Angka Stunting Sumsel Capai 24,8 Persen, Terbanyak di OKI

Kepala Perwakilan BKKBN Sumsel Mediharyanto. (Mita Rosnita/rmolsumsel.id)
Kepala Perwakilan BKKBN Sumsel Mediharyanto. (Mita Rosnita/rmolsumsel.id)

Angka stunting di Sumatera Selatan yang berada di angka 24,8 persen masih jauh dari target nasional yakni 14 persen.


Kepala Perwakilan BKKBN Sumsel, Mediharyanto menyebutkan, wilayah penyumbang terbanyak kasus stunting di Sumsel adalah Kabupaten Ogan Komering Ilir (OKI). Tercatat stunting di Kabupaten OKI pada tahun 2020 di angka 8,44 persen.

“Menurunkan angka stunting ini tidaklah mudah. Percepatan penurunan stunting fokusnya bukan pada penanganan anak yang terkena stunting tapi lebih prioritas pada pencegahan,” ujar Medi usai Rakerda Program Bangga Kencana dan Percepatan Penurunan Stunting Tahun 2022 di Hotel Harper Palembang, Kamis (10/3).  

Medi menjelaskan upaya yang harus dilakukan dengan segera untuk menekan laju stunting adalah dengan mengedukasi kelompok masyarakat dari usia remaja hingga ibu hamil serta memberi pendampingan bagi bayi yang mengalami stunting.

“Pencegahan dimulai dari remaja, mereka harus diberi pembekalan cegah stunting, kemudian pendampingan pada calon pengantin (catin). Jadi tiga bulan sebelum mereka menikah harusnya membuat laporan dan registrasi kepada tim pendamping keluarga di setiap desa dan kelurahan,” katanya.

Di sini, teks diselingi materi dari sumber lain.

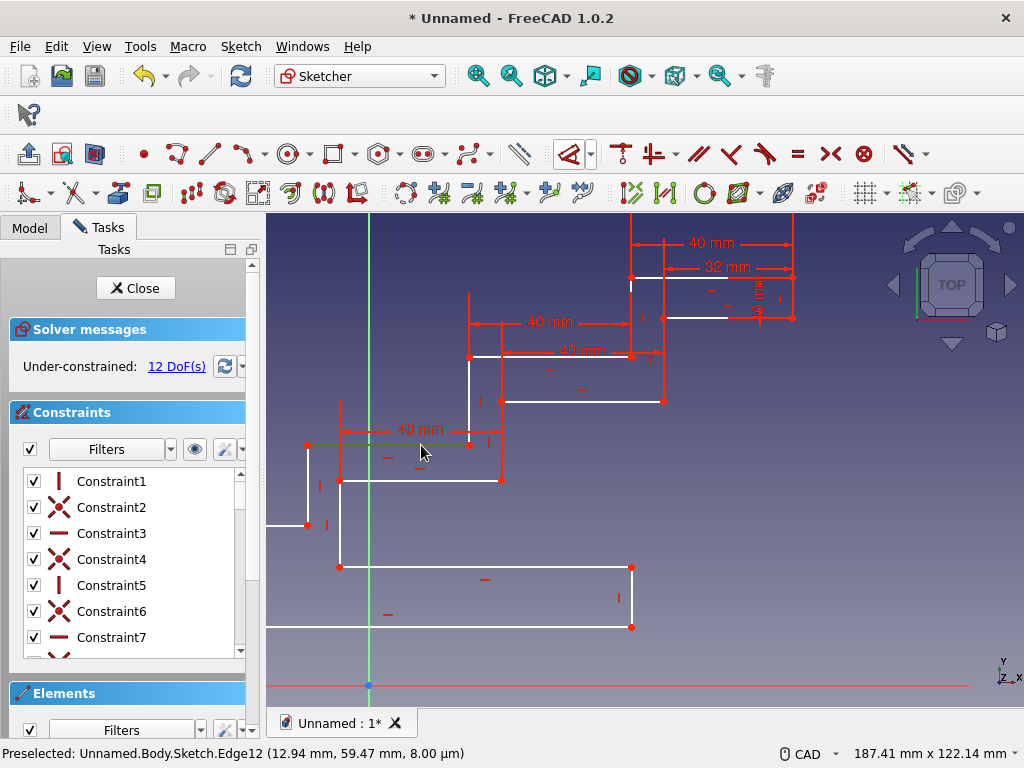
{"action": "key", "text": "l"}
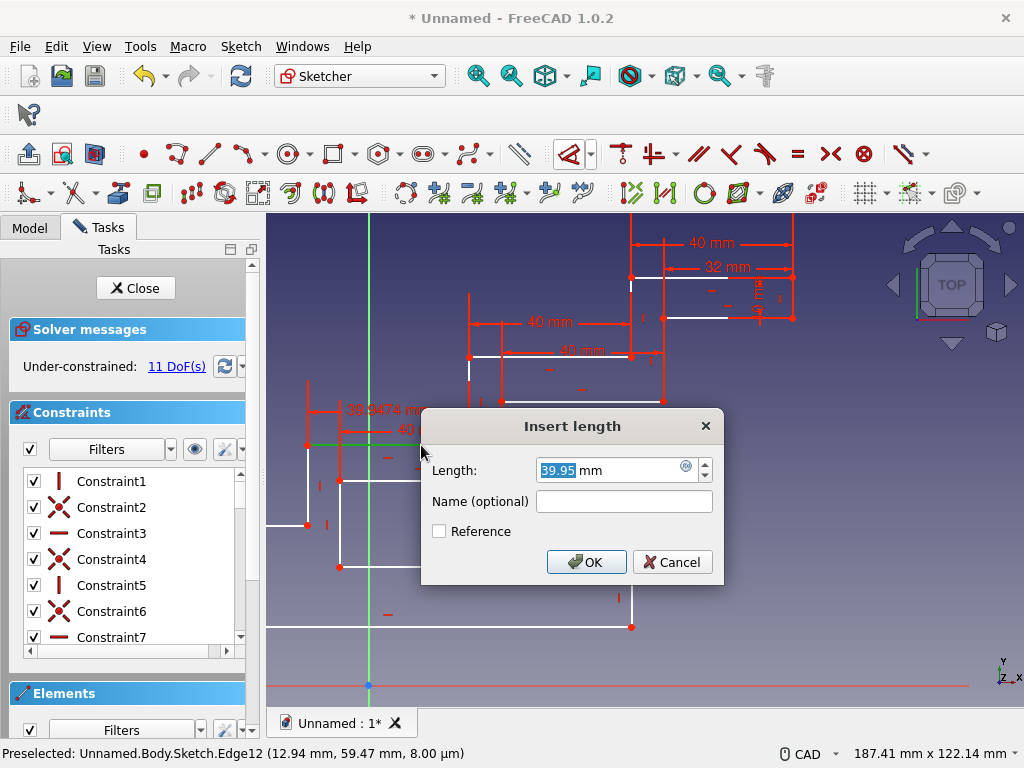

Laporan sebelum menikah penting dilakukan sebagai skrining awal untuk memastikan pengantin tersebut masuk risiko stunting atau tidak. Lalu, pada pernikahan dengan usia muda di bawah 19 tahun juga sangat perlu diberi pembekalan terkait stunting dan pencegahannya. Selanjutnya pemahaman juga diberikan bagi ibu hamil yang berisiko stunting, terkhusus bagi ibu hamil yang mengalami anemia.

Medi menyampaikan, program Sumsel Mandiri Pangan yang dicanangkan Gubernur Sumsel Herman Deru dapat mendongkrak percepatan penurunan stunting di Sumsel.

“Bila masyarakat dapat memenuhi kebutuhan gizi secara mandiri, tentu stunting akan turun. Karena laju stunting juga dipengaruhi dari minimnya konsumsi gizi, dan lebih dominan dialami keluarga dengan kondisi ekonomi menengah ke bawah,” pungkasnya.

Gubernur Sumsel, Herman Deru mengatakan, dengan kondisi yang ada di Sumsel saat ini, Pemerintah dan masyarakat harus bekerja keras menurunkan angka prevalensi stunting yang berada sekitar 10 persen dari target nasional.

“Mengatasi stunting itu bukan pada saat telah terjadi, tapi harus dideteksi sedini mungkin. Di sini (Sumsel) rata-rata pasangan calon pengantin, wanitanya mengidap anemia. Inilah yang menjadi cikal bakal stunting,” tutur Deru.

Deru menyampaikan, stunting tidak hanya mengancam masyarakat dengan kondisi ekonomi menengah ke bawah, tapi juga dapat dirasakan oleh warga ekonomi ke atas.

Untuk terus menggenjot penurunan angka stunting di Sumsel, Deru menekankan perlunya kesadaran bagi seluruh masyarakat dibantu oleh pemerintah dalam mendeteksi diri sedini mungkin. Dengan harapan kelompok usia produktif tetap bisa memberi kontribusi untuk menjadikan Sumsel lebih sehat.

“Inilah tugas IPKB kita harapkan di lapangan untuk masuk di ruang-ruang itu. Insyaallah bonus demografi yang kita harapkan akan menjadi bonus keberkahan,” tukas Deru.